### WHAT TO WORK ON
Strip out all images, then restate the data verbatim.

### RECORD SET
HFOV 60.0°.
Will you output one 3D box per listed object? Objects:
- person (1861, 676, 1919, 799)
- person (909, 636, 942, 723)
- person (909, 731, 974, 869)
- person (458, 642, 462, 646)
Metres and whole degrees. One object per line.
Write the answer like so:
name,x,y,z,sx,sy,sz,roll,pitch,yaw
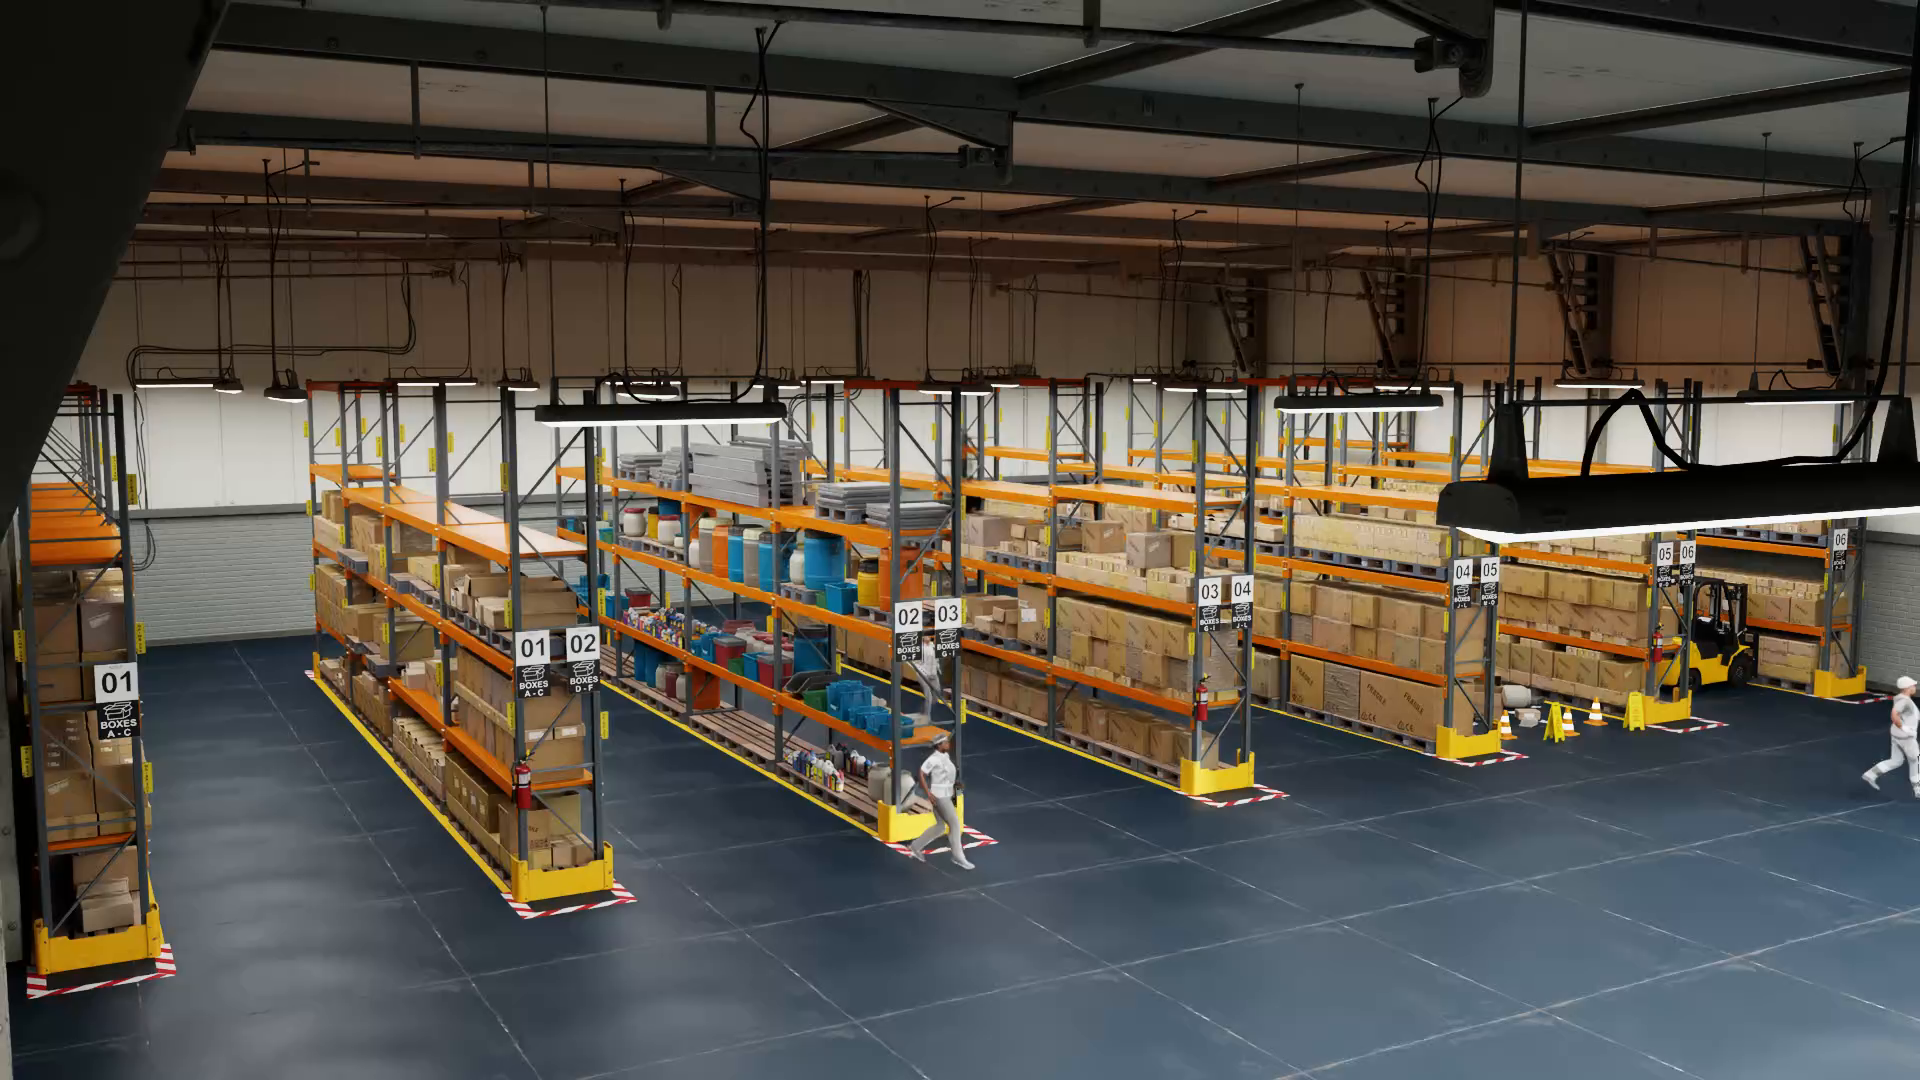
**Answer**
person,13.665,2.867,24.117,0.994,1.796,0.654,2,6,14
person,-0.548,2.264,27.794,0.607,1.655,0.526,-5,8,-37
person,-0.210,3.261,21.010,0.856,1.689,0.609,1,6,12
person,-9.875,1.965,33.069,0.734,1.752,0.805,-5,8,-40
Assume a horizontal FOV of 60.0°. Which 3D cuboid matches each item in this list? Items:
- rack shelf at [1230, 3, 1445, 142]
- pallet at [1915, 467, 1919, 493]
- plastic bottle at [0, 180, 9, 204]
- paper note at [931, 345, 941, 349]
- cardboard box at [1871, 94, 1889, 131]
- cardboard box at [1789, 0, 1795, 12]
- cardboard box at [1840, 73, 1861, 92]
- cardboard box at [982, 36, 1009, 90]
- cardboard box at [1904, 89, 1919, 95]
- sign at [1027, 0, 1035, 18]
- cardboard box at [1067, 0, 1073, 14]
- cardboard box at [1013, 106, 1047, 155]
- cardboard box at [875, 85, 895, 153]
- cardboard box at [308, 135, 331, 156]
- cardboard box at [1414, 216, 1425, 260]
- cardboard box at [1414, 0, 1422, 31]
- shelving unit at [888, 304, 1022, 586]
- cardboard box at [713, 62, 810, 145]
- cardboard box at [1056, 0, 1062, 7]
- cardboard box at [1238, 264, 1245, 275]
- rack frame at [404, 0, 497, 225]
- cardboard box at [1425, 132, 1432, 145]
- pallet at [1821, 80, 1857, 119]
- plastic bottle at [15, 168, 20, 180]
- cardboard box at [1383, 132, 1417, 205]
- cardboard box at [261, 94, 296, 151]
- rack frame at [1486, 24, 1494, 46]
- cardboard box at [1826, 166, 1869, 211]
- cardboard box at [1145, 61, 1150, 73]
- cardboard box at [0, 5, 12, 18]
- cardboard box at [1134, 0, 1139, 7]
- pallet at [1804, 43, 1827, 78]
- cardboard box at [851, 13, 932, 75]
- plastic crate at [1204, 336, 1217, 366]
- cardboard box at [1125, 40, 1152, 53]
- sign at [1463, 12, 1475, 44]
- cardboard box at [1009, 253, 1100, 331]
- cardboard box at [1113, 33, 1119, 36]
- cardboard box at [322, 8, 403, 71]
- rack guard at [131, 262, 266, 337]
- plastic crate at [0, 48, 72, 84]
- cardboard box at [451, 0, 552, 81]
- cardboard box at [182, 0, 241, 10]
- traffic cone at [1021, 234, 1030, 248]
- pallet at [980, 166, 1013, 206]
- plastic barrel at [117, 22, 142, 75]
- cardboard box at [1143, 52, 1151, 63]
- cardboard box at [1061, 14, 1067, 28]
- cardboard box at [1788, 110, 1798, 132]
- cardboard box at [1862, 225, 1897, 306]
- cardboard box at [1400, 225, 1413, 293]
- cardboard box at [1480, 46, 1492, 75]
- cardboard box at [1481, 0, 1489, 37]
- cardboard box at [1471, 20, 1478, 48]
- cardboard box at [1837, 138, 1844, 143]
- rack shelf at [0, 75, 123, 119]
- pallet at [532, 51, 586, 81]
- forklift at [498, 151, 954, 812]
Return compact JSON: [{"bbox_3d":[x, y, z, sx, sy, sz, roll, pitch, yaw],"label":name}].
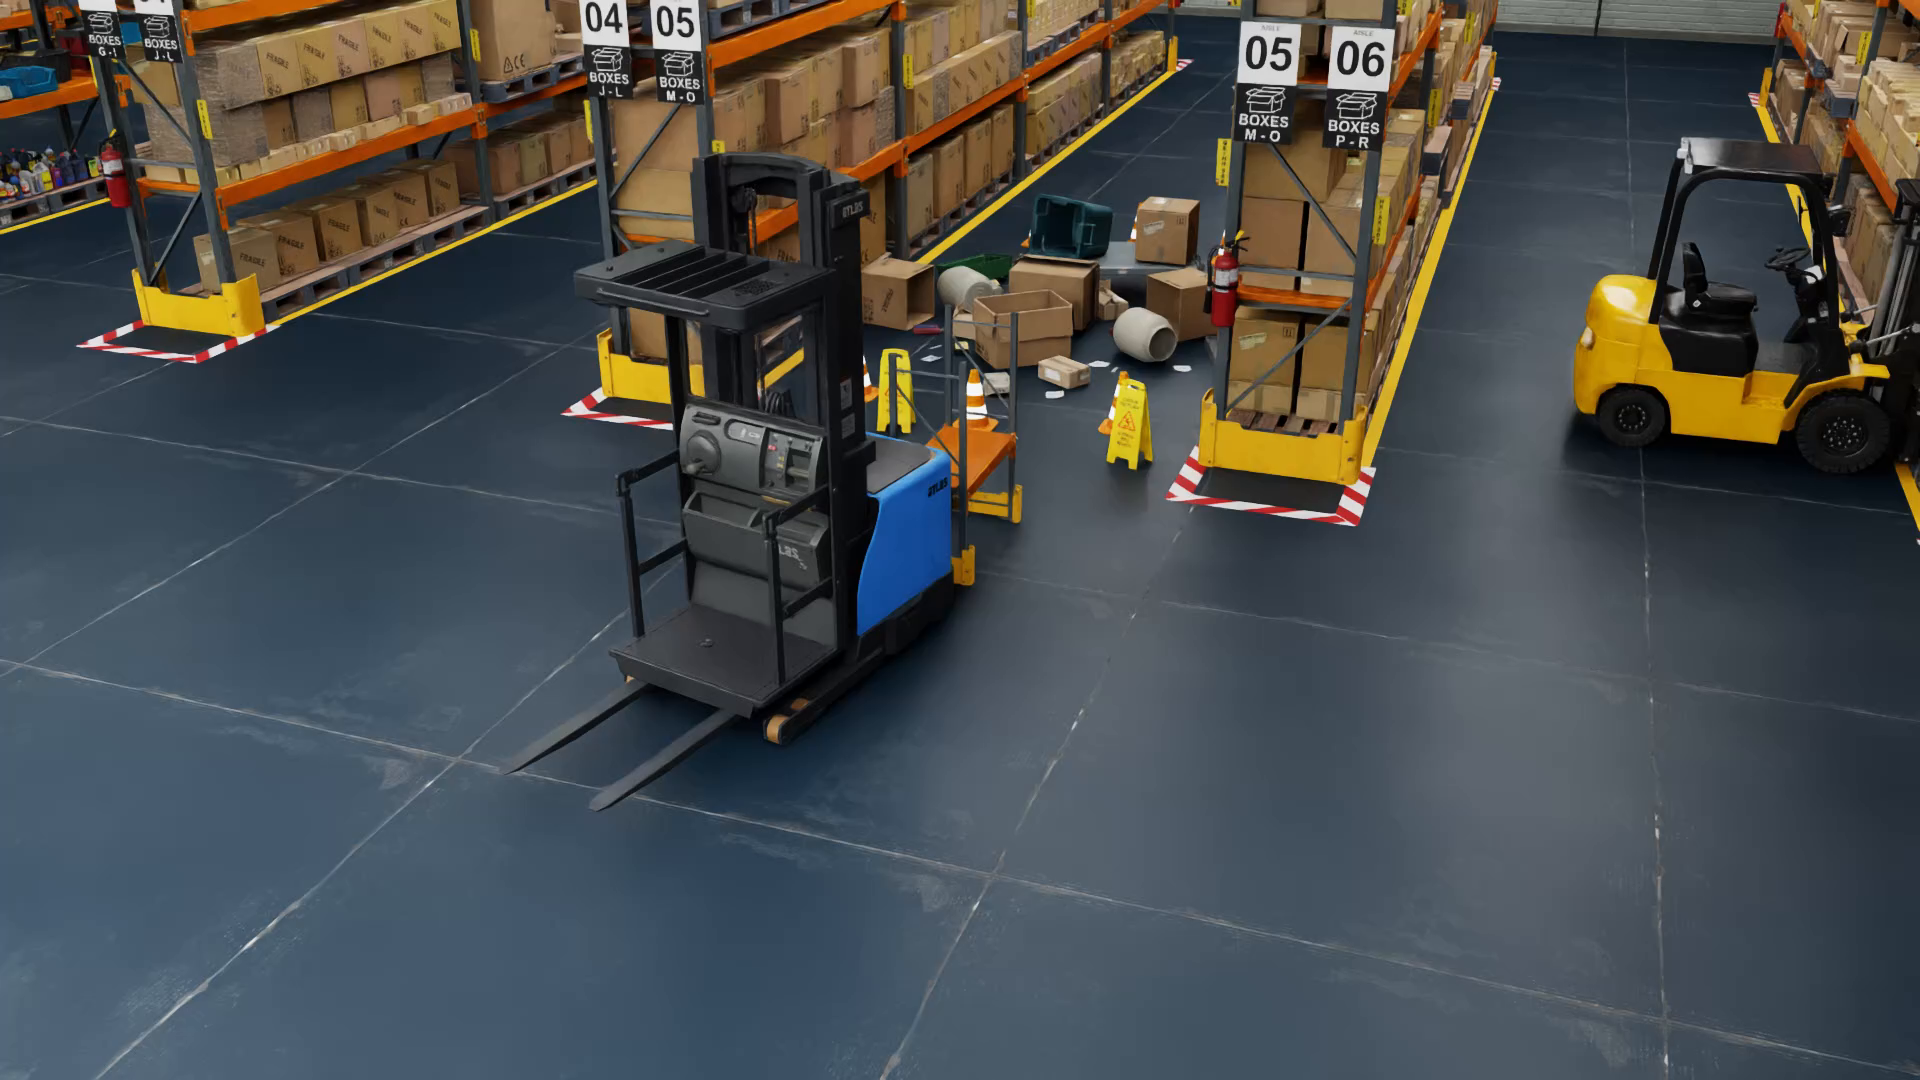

### TASK OUTPUT
HFOV 60.0°.
Will you output one 3D box per listed object? Objects:
- person (1861, 676, 1919, 799)
- person (909, 636, 942, 723)
- person (909, 731, 974, 869)
- person (458, 642, 462, 646)
Metres and whole degrees. One object per line.
Write the answer like so:
name,x,y,z,sx,sy,sz,roll,pitch,yaw
**Answer**
person,13.665,2.867,24.117,0.994,1.796,0.654,2,6,14
person,-0.548,2.264,27.794,0.607,1.655,0.526,-5,8,-37
person,-0.210,3.261,21.010,0.856,1.689,0.609,1,6,12
person,-9.875,1.965,33.069,0.734,1.752,0.805,-5,8,-40
Assume a horizontal FOV of 60.0°. Which 3D cuboid matches each item in this list? Items:
- rack shelf at [1230, 3, 1445, 142]
- pallet at [1915, 467, 1919, 493]
- plastic bottle at [0, 180, 9, 204]
- paper note at [931, 345, 941, 349]
- cardboard box at [1871, 94, 1889, 131]
- cardboard box at [1789, 0, 1795, 12]
- cardboard box at [1840, 73, 1861, 92]
- cardboard box at [982, 36, 1009, 90]
- cardboard box at [1904, 89, 1919, 95]
- sign at [1027, 0, 1035, 18]
- cardboard box at [1067, 0, 1073, 14]
- cardboard box at [1013, 106, 1047, 155]
- cardboard box at [875, 85, 895, 153]
- cardboard box at [308, 135, 331, 156]
- cardboard box at [1414, 216, 1425, 260]
- cardboard box at [1414, 0, 1422, 31]
- shelving unit at [888, 304, 1022, 586]
- cardboard box at [713, 62, 810, 145]
- cardboard box at [1056, 0, 1062, 7]
- cardboard box at [1238, 264, 1245, 275]
- rack frame at [404, 0, 497, 225]
- cardboard box at [1425, 132, 1432, 145]
- pallet at [1821, 80, 1857, 119]
- plastic bottle at [15, 168, 20, 180]
- cardboard box at [1383, 132, 1417, 205]
- cardboard box at [261, 94, 296, 151]
- rack frame at [1486, 24, 1494, 46]
- cardboard box at [1826, 166, 1869, 211]
- cardboard box at [1145, 61, 1150, 73]
- cardboard box at [0, 5, 12, 18]
- cardboard box at [1134, 0, 1139, 7]
- pallet at [1804, 43, 1827, 78]
- cardboard box at [851, 13, 932, 75]
- plastic crate at [1204, 336, 1217, 366]
- cardboard box at [1125, 40, 1152, 53]
- sign at [1463, 12, 1475, 44]
- cardboard box at [1009, 253, 1100, 331]
- cardboard box at [1113, 33, 1119, 36]
- cardboard box at [322, 8, 403, 71]
- rack guard at [131, 262, 266, 337]
- plastic crate at [0, 48, 72, 84]
- cardboard box at [451, 0, 552, 81]
- cardboard box at [182, 0, 241, 10]
- traffic cone at [1021, 234, 1030, 248]
- pallet at [980, 166, 1013, 206]
- plastic barrel at [117, 22, 142, 75]
- cardboard box at [1143, 52, 1151, 63]
- cardboard box at [1061, 14, 1067, 28]
- cardboard box at [1788, 110, 1798, 132]
- cardboard box at [1862, 225, 1897, 306]
- cardboard box at [1400, 225, 1413, 293]
- cardboard box at [1480, 46, 1492, 75]
- cardboard box at [1481, 0, 1489, 37]
- cardboard box at [1471, 20, 1478, 48]
- cardboard box at [1837, 138, 1844, 143]
- rack shelf at [0, 75, 123, 119]
- pallet at [532, 51, 586, 81]
- forklift at [498, 151, 954, 812]
Return compact JSON: [{"bbox_3d":[x, y, z, sx, sy, sz, roll, pitch, yaw],"label":name}].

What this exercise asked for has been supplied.